WORK ORDER »
Write the records out exactly, so that no picture remains in the copy.

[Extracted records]
━━━━━━━━━━━━━━━━━━━━━━━━━━━━━━

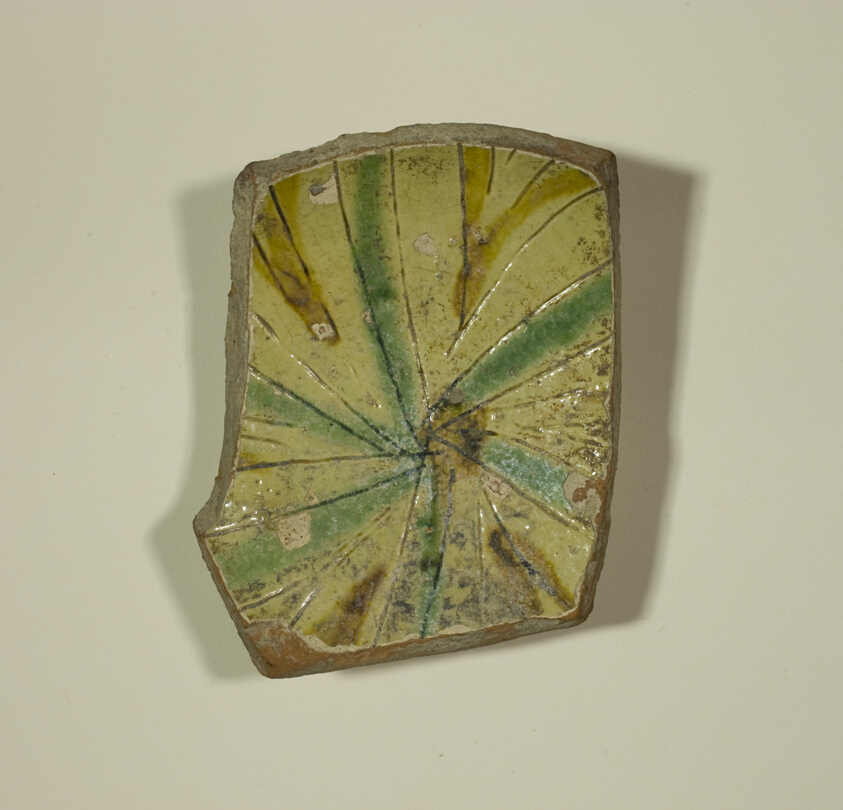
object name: Decorative Arts
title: Fragment from the Base of a Bowl
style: byzantine, european
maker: Byzantine; Serres, Greece
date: 13th-14th century
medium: Glazed terracotta
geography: Istanbul
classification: fragment; ceramics; bowl; vessel; asian art; decorative arts
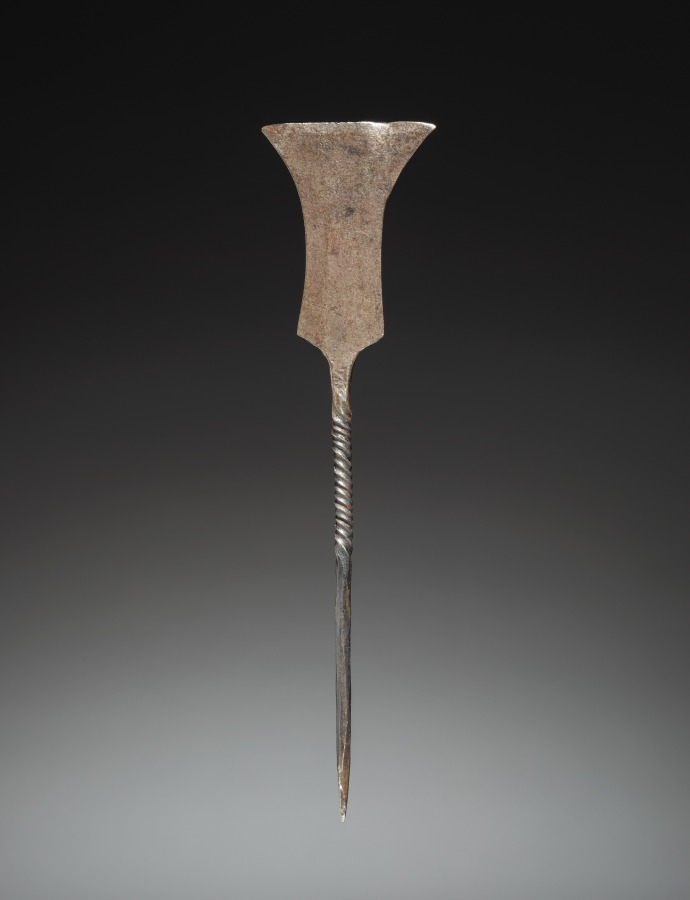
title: Hair Ornament
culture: Africa, Central Africa, Democratic Republic of Congo, Luba-style maker
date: Unassigned, before 1915
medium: Iron
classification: Jewelry

━━━━━━━━━━━━━━━━━━━━━━━━━━━━━━

PROBLEM SOLUTION »
object name: Decorative Arts
title: Fragment from the Base of a Bowl
style: byzantine, european
maker: Byzantine; Serres, Greece
date: 13th-14th century
medium: Glazed terracotta
geography: Istanbul
classification: fragment; ceramics; bowl; vessel; asian art; decorative arts
title: Hair Ornament
culture: Africa, Central Africa, Democratic Republic of Congo, Luba-style maker
date: Unassigned, before 1915
medium: Iron
classification: Jewelry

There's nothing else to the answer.